## [TASK DESCRIPTION]
A precise reproduction of every record below is needed, minus the pictures.

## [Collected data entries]
---

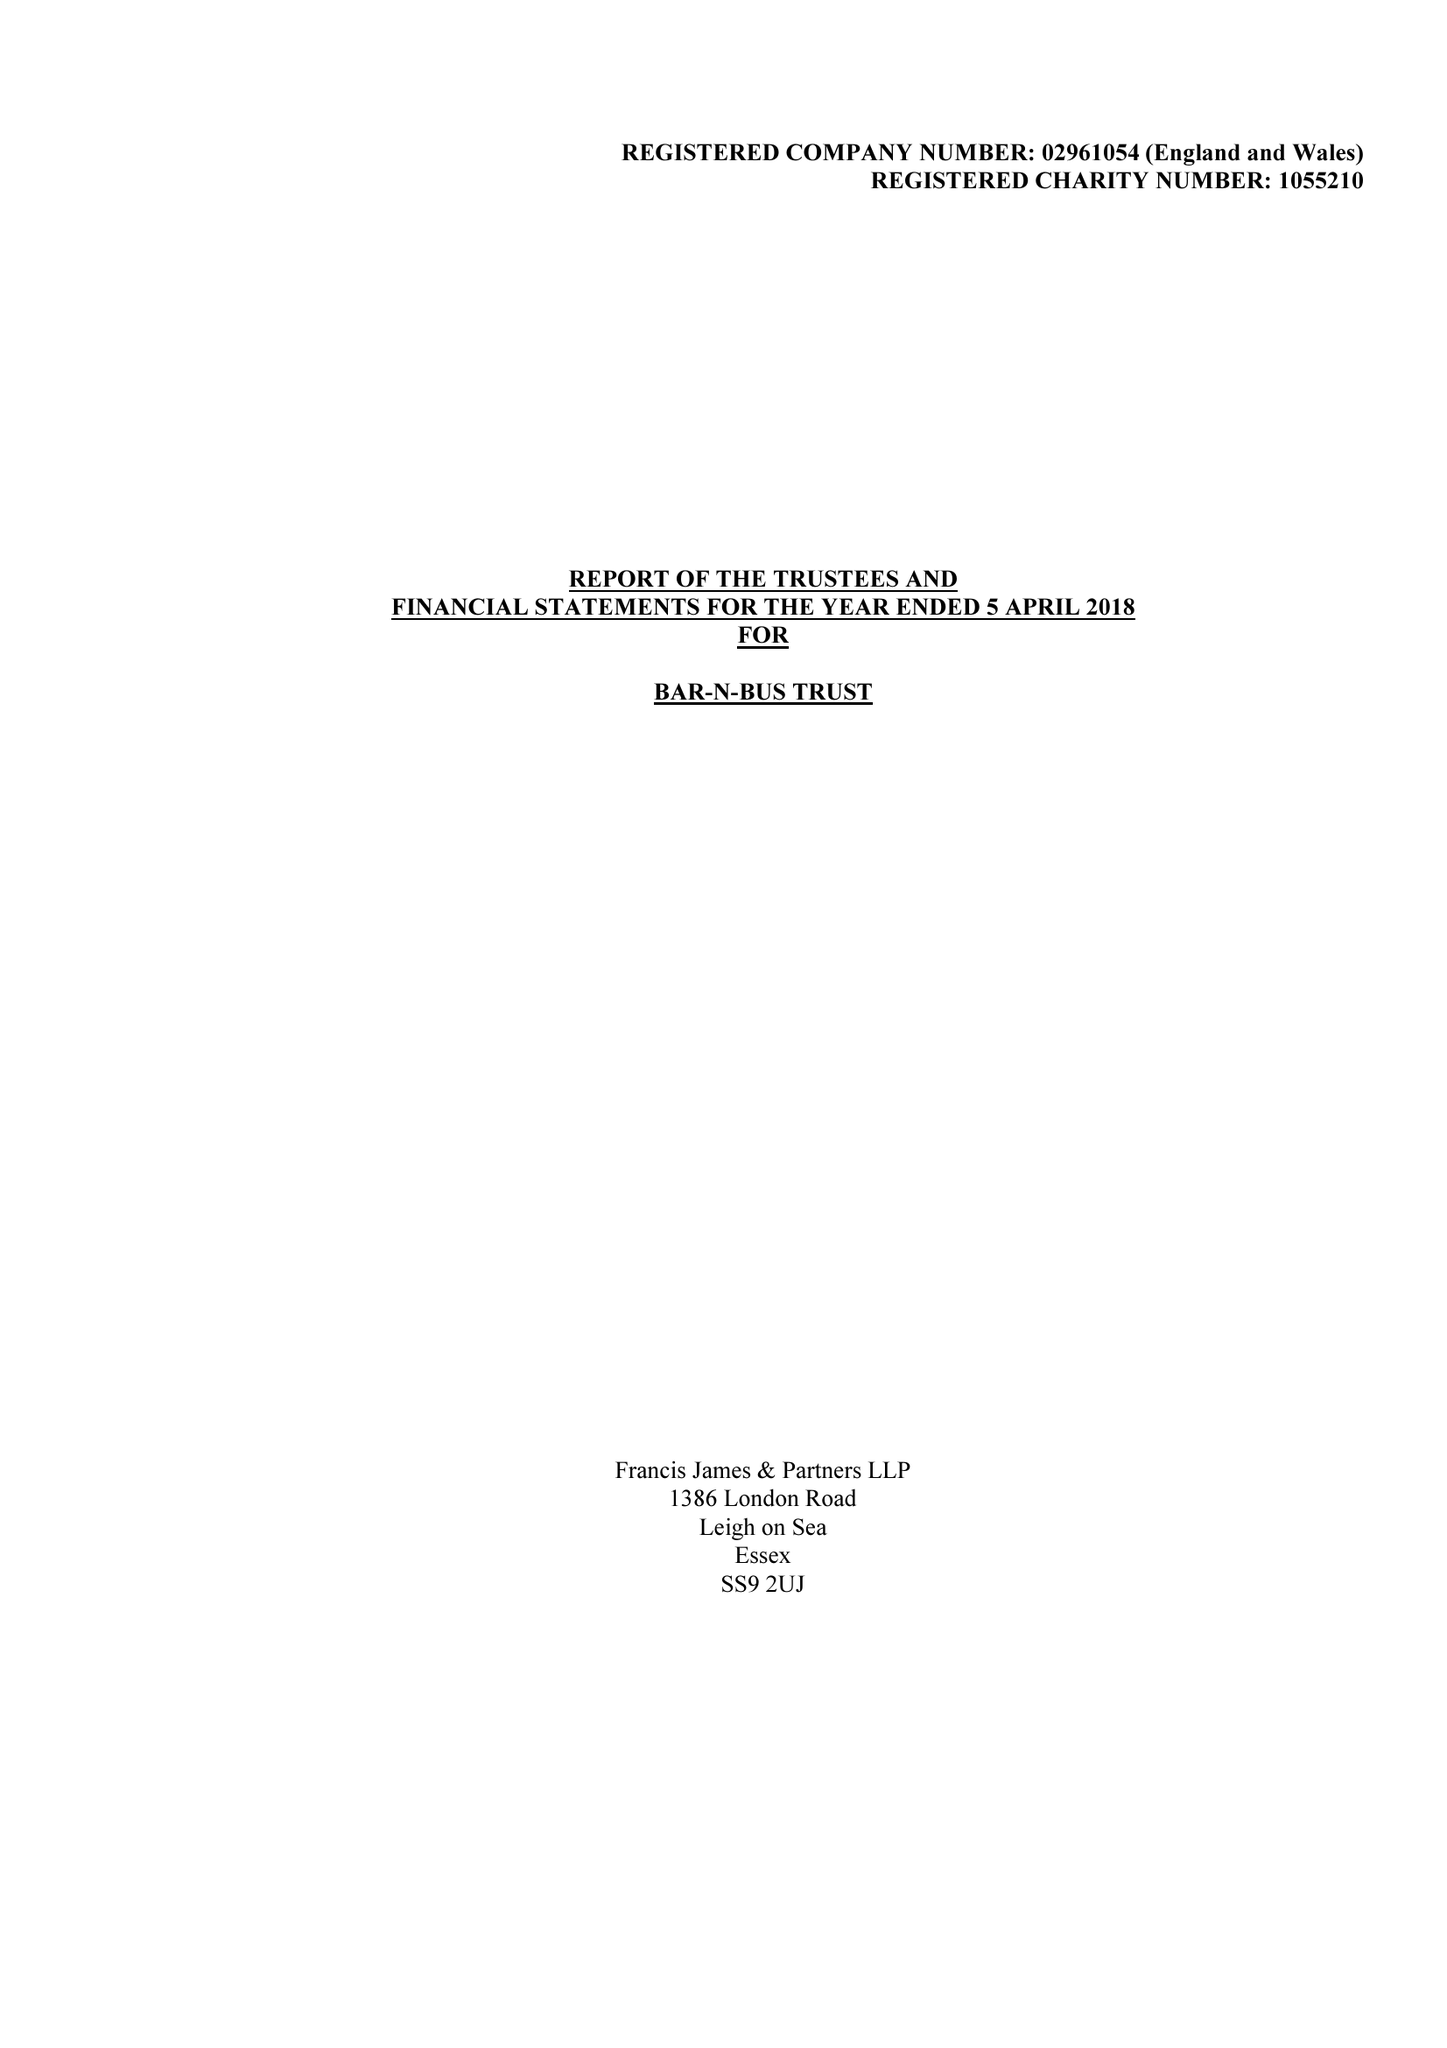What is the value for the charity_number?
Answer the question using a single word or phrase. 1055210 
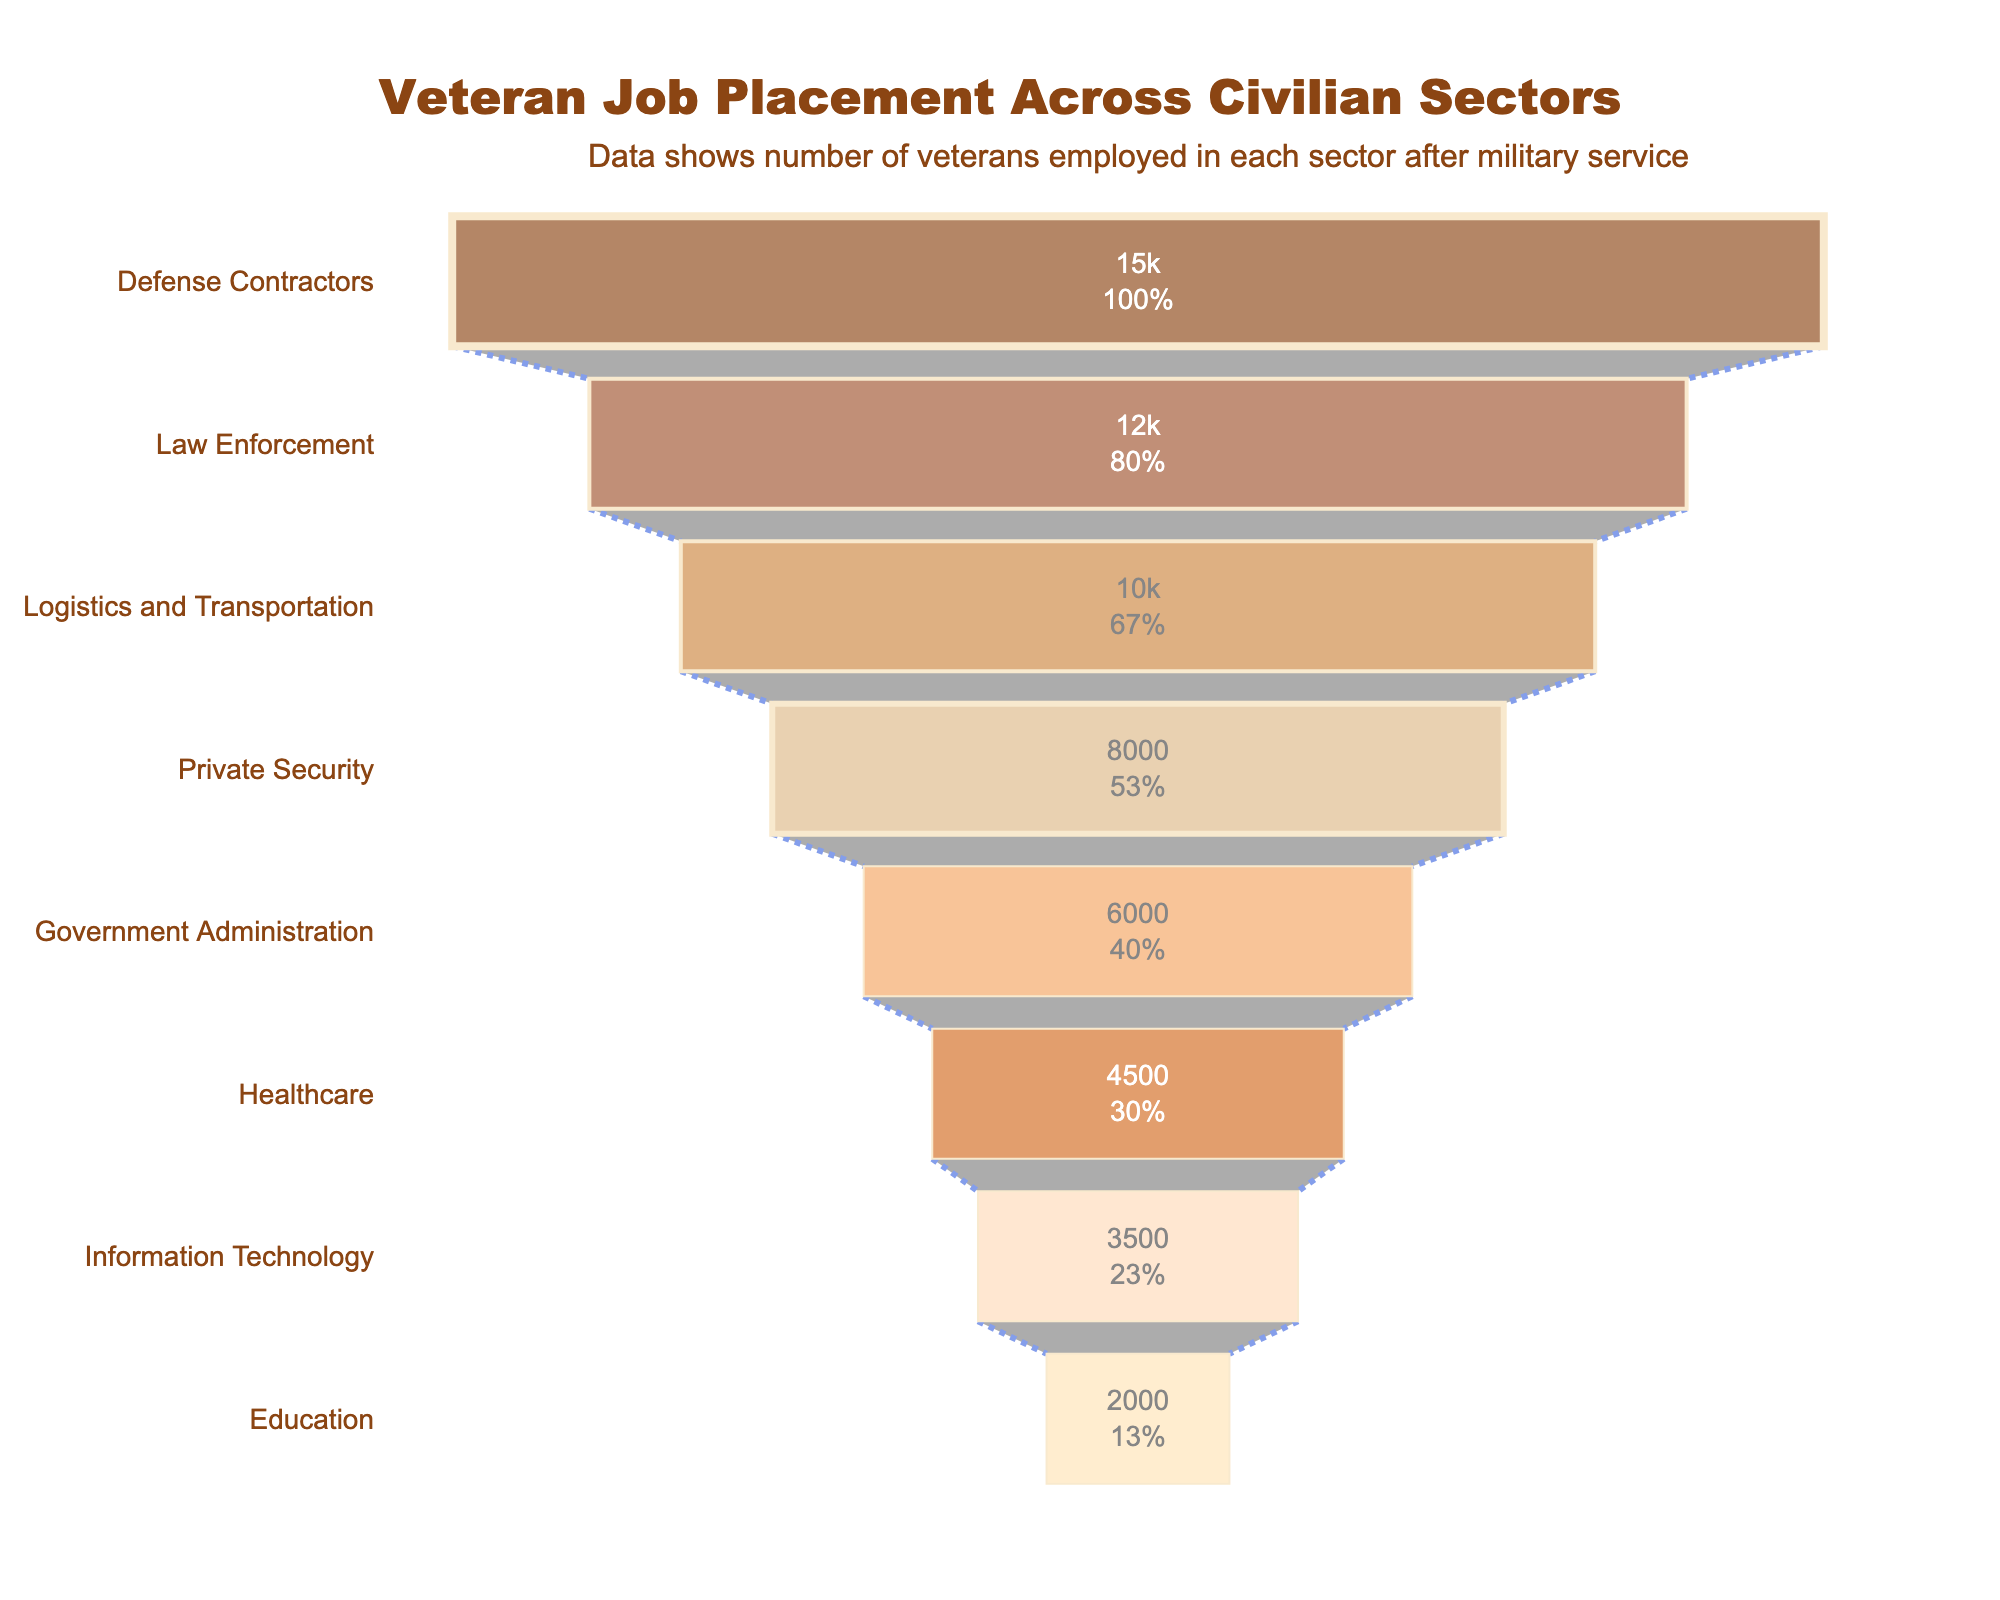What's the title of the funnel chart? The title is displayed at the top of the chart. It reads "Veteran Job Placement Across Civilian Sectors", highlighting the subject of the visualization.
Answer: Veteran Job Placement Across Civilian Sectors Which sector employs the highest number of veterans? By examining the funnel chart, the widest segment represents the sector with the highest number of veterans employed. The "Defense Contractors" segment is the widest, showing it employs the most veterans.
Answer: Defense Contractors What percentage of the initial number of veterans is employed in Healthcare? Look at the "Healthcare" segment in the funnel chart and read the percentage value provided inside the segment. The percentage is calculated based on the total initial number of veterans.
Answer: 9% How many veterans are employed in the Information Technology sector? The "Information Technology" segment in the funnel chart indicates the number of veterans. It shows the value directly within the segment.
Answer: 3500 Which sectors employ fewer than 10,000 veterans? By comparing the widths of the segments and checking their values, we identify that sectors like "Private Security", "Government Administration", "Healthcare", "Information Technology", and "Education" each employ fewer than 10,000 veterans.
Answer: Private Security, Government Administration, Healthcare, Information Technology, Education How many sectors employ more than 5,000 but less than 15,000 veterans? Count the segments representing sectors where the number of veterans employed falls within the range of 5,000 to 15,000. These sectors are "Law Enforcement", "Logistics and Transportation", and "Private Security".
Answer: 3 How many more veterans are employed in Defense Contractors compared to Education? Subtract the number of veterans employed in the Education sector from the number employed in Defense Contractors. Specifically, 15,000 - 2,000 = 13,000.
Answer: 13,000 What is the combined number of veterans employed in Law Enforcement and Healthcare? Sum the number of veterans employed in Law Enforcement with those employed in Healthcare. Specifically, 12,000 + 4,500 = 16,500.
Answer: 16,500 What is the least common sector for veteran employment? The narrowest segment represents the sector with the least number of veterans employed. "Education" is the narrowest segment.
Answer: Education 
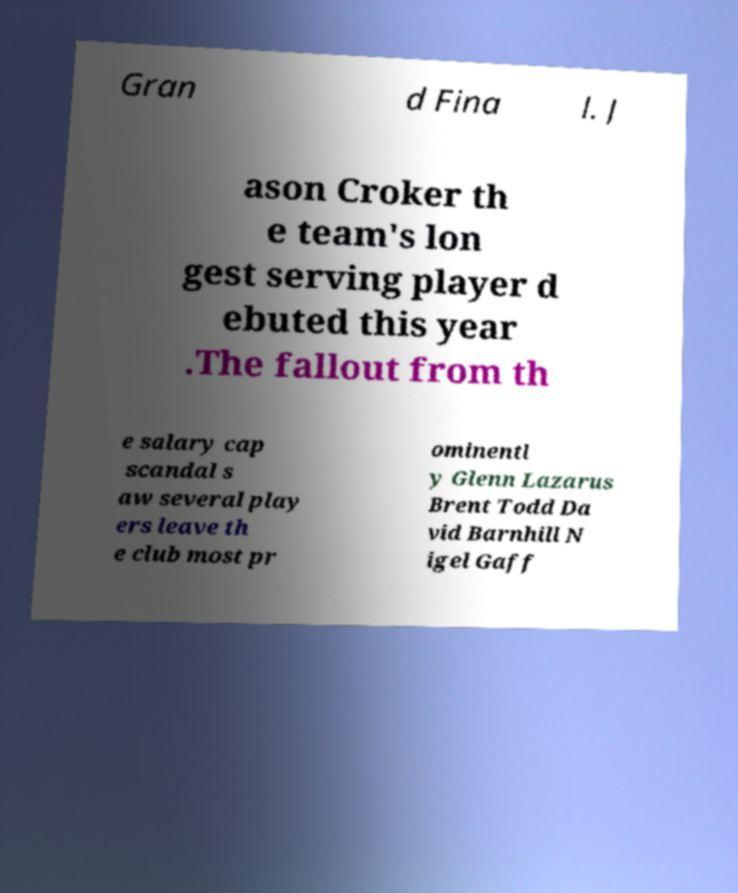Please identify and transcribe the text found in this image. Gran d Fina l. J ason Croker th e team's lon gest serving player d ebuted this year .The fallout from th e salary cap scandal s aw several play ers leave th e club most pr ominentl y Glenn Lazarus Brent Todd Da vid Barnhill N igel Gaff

---

## [YOUR SOLUTION]
What is the value for the charity_number?
Answer the question using a single word or phrase. 1055210 
What's the title of the funnel chart? The title is displayed at the top of the chart. It reads "Veteran Job Placement Across Civilian Sectors", highlighting the subject of the visualization.
Answer: Veteran Job Placement Across Civilian Sectors Which sector employs the highest number of veterans? By examining the funnel chart, the widest segment represents the sector with the highest number of veterans employed. The "Defense Contractors" segment is the widest, showing it employs the most veterans.
Answer: Defense Contractors What percentage of the initial number of veterans is employed in Healthcare? Look at the "Healthcare" segment in the funnel chart and read the percentage value provided inside the segment. The percentage is calculated based on the total initial number of veterans.
Answer: 9% How many veterans are employed in the Information Technology sector? The "Information Technology" segment in the funnel chart indicates the number of veterans. It shows the value directly within the segment.
Answer: 3500 Which sectors employ fewer than 10,000 veterans? By comparing the widths of the segments and checking their values, we identify that sectors like "Private Security", "Government Administration", "Healthcare", "Information Technology", and "Education" each employ fewer than 10,000 veterans.
Answer: Private Security, Government Administration, Healthcare, Information Technology, Education How many sectors employ more than 5,000 but less than 15,000 veterans? Count the segments representing sectors where the number of veterans employed falls within the range of 5,000 to 15,000. These sectors are "Law Enforcement", "Logistics and Transportation", and "Private Security".
Answer: 3 How many more veterans are employed in Defense Contractors compared to Education? Subtract the number of veterans employed in the Education sector from the number employed in Defense Contractors. Specifically, 15,000 - 2,000 = 13,000.
Answer: 13,000 What is the combined number of veterans employed in Law Enforcement and Healthcare? Sum the number of veterans employed in Law Enforcement with those employed in Healthcare. Specifically, 12,000 + 4,500 = 16,500.
Answer: 16,500 What is the least common sector for veteran employment? The narrowest segment represents the sector with the least number of veterans employed. "Education" is the narrowest segment.
Answer: Education 
Please identify and transcribe the text found in this image. Gran d Fina l. J ason Croker th e team's lon gest serving player d ebuted this year .The fallout from th e salary cap scandal s aw several play ers leave th e club most pr ominentl y Glenn Lazarus Brent Todd Da vid Barnhill N igel Gaff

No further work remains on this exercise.